Notre présence dans l’entreprise sur plusieurs années nous a ainsi permis de procéder à une analyse fine des différentes composantes des BM étudiés. A titre d’exemple, elle nous a notamment donné accès à diverses données confidentielles tels les mécanismes de monétisation en jeu, leur capacité à générer du chiffre d’affaires et de la marge, ou encore la variabilité de ces création et captation de valeur dans le temps. Cette proximité a également constitué une position privilégiée afin d’étudier les micro-processus par lesquels les managers participent à ces phénomènes, qu’ils soient cognitifs ou concernent la conception et la mise en œuvre des instruments, dispositifs et structures organisationnelles qui donnaient leur matérialité aux BM étudiés. Dans le sillage de la perspective ouverte par la nouvelle sociologie économique, cette intégration au terrain a enfin rendu possible d’accéder à un ensemble large de d’acteurs occupant diverses fonctions qui participent au « processus de qualification » des produits que constituent les matières recyclées et les composants automobiles.

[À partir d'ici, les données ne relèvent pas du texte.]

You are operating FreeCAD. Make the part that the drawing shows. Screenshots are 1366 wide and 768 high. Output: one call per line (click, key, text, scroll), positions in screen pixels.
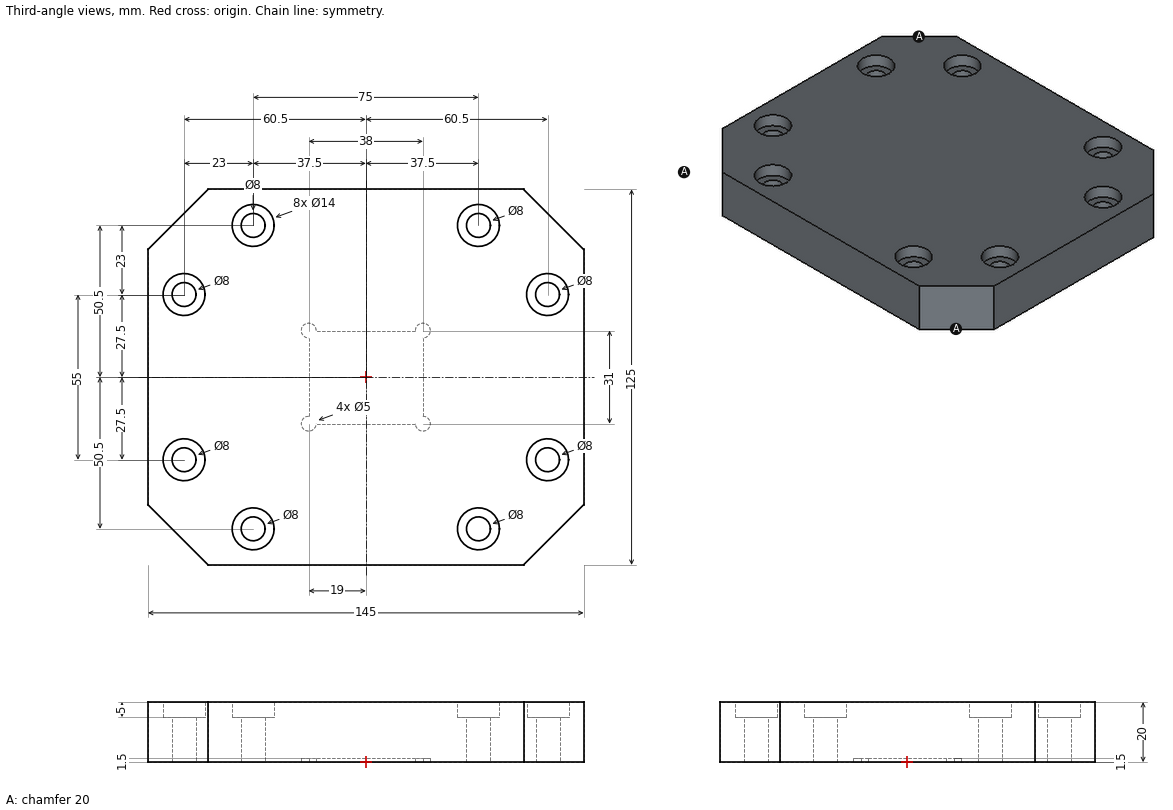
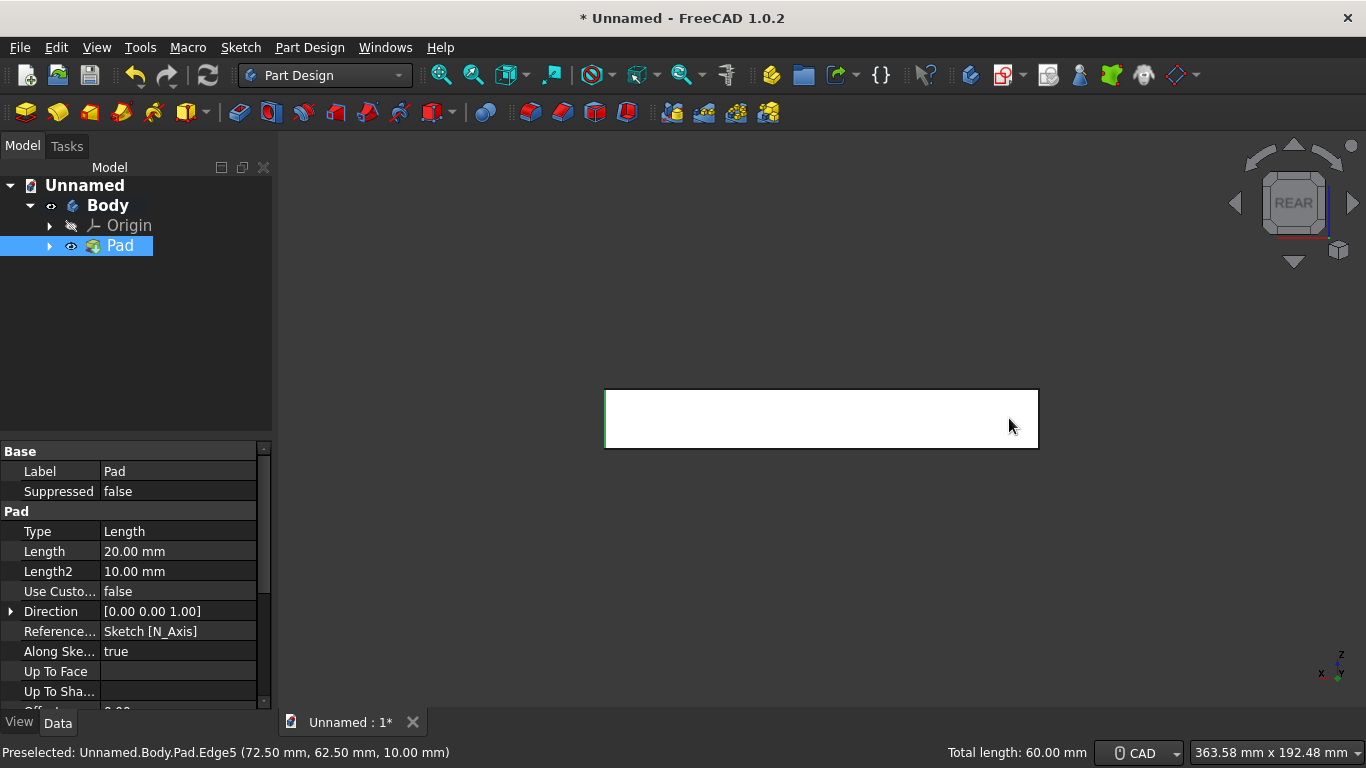
click(442, 76)

141 1.2. UNE APPROCHE GENEALOGIQUE

Comme toute recherche-intervention menée dans le cadre de contrats CIFRE, notre travail d’investigation s’est déroulé sur une période de trois ans. En ce sens, il se situe dans une perspective « longitudinale » telle qu’a pu la définir Pettigrew (1990). Cet auteur a en effet souligné l’importance de la durée de l’interaction pour comprendre les processus et les logiques à l’œuvre dans les organisations et entre ces dernières.

Nous avons cependant pris le parti d’adopter une approche généalogique afin de resituer cette analyse dans une perspective historique de plus long terme s’étalant à l’échelle de plusieurs décennies (Foucault, 1994). La généalogie constitue une méthode d’analyse développée par Michel Foucault dans les années 1970 et qui a progressivement été transposée dans le domaine de la gestion (Hatchuel et al., 2005). Elle vise à dénaturaliser les processus et les concepts en les resituant dans le contexte qui les a vus naître, afin de pouvoir théoriser leur transformation sur le temps long (Acquier et Aggeri, 2007).

Nous avons mobilisé cette approche dans différentes optiques. Au sein de notre revue de littérature, elle nous a permis de remettre en perspective la notion d’économie circulaire et le caractère innovant des pratiques associées qui est généralement revendiqué. De manière plus structurante dans ce manuscrit, nous l’avons utilisée afin de mieux appréhender les dynamiques de développement des business models circulaires liés à la fin de vie automobile qui avaient eu lieu précédemment à notre intervention depuis les années 1990, ainsi que le rôle que l’instrumentation d’action publique avait joué dans ces processus. Les cadres conceptuels utilisés pour analyser ces phénomènes ont déjà été décrits dans notre revue de littérature.